This week in past is a self-hosted media & streaming tool that aggregates images taken this week.

A quiet, single-purpose tool that does one thing and doesn’t apologize for it.

TL;DR

  • What it is: A self-hosted slideshow server that reads your local photo library and displays images taken during the current calendar week in previous years — the “memories” feature from Google Photos, running on your own hardware [README].
  • Who it’s for: Anyone who left Google Photos (or iCloud) for a self-hosted photo manager like Immich or PhotoPrism and misses the nostalgia slideshow on their TV or NAS dashboard.
  • Cost savings: Google Photos charges $2.99–$9.99/mo for storage tiers after the 15GB free limit. This Week in Past runs as a statically compiled binary with no dependencies — it costs nothing to run on hardware you already own [README].
  • Key strength: Genuinely single-purpose and honest about it. Points it at a folder, ships a slideshow. No database to manage, no user accounts, no bloat.
  • Key weakness: It’s a viewer, not a manager. No uploads, no editing, no album organization — you need a separate photo manager for that. With only 100 GitHub stars, this is a niche tool with minimal community support and no third-party reviews to draw from.

What is This Week in Past

This Week in Past was built by a developer who migrated their photo collection from Google Photos to PhotoPrism and immediately noticed what was missing: the automated “on this day” slideshow that Google generates for you [README]. Rather than going back, they built it themselves.

The concept is narrow by design. At startup, the application reads the EXIF metadata of every image in the folder you point it at, caches that metadata in memory, and serves a web-based slideshow. When you open it, it shows photos taken during the current calendar week from all previous years. If no photos match the current week, it falls back to a random selection so the screen never goes blank [README].

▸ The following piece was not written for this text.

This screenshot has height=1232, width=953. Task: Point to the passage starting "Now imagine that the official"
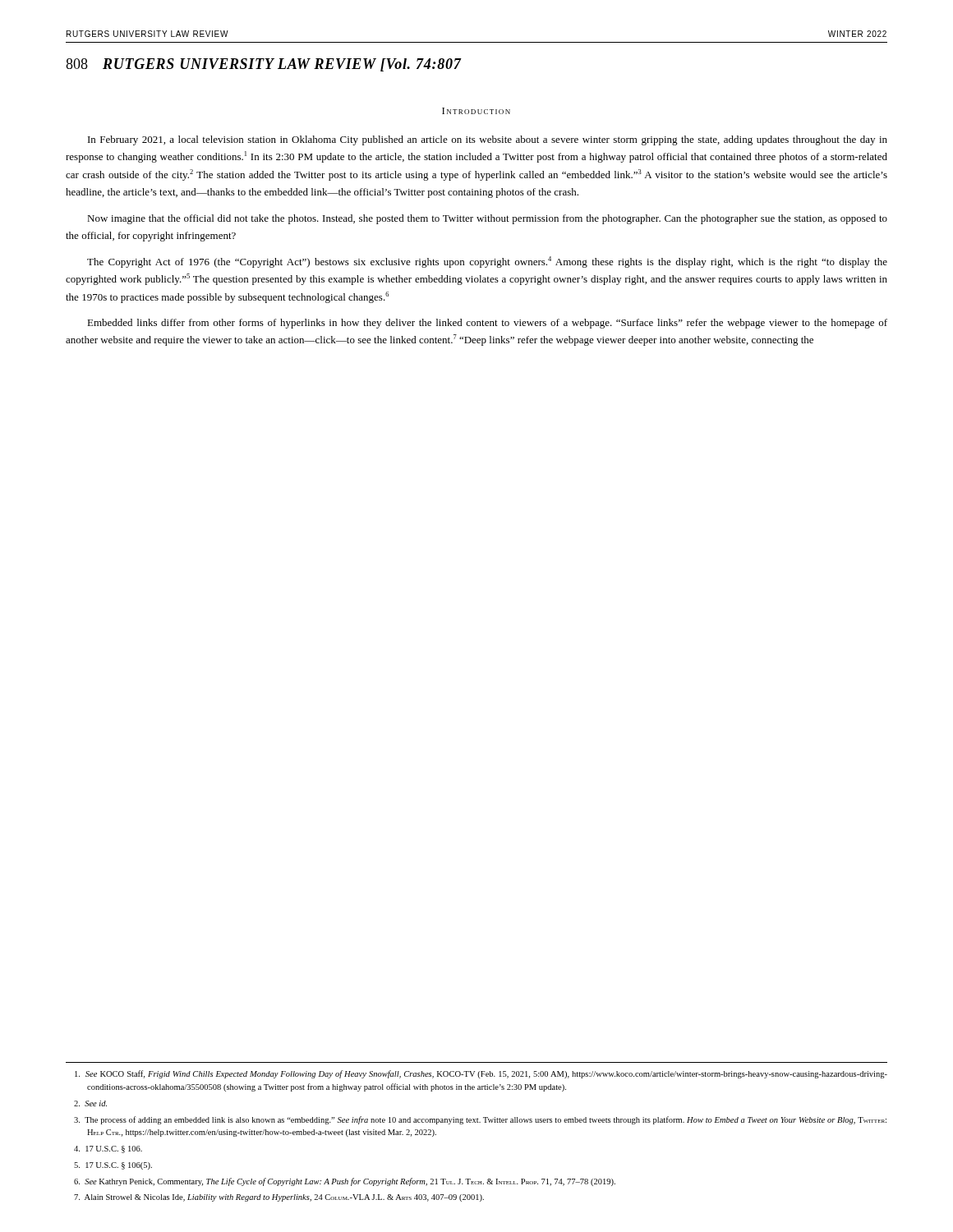pos(476,227)

That’s essentially the entire product. There’s no AI tagging, no facial recognition, no sharing feature, no mobile app with push notifications. The GitHub description puts it plainly: “Aggregate images taken this week, from previous years and presents them on a web page with a slideshow.”

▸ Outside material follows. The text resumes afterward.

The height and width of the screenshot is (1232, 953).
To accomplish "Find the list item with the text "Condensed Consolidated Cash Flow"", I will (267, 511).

The binary is written in Rust and compiled completely statically — no dependencies on system libraries like glibc — which means it runs on whatever you have: an x86 server, an ARM NAS, a Raspberry Pi [README]. Docker and Docker Compose are the primary deployment paths, but native binaries for amd64, arm64/v8, arm/v7, and arm/v6 are published on the releases page [README].

The project is MIT licensed, listed in the Awesome-Selfhosted directory under Photo Galleries, and has accumulated approximately 100 GitHub stars — a small but stable signal that people deploy and keep running it [README].


Why People Choose It

The motivation in the README is honest and relatable: “When I migrated my photo collection from Google Photos to a locally hosted instance of PhotoPrism, I missed the automatically generated slideshow feature of Google Photos, here it is now.” [README]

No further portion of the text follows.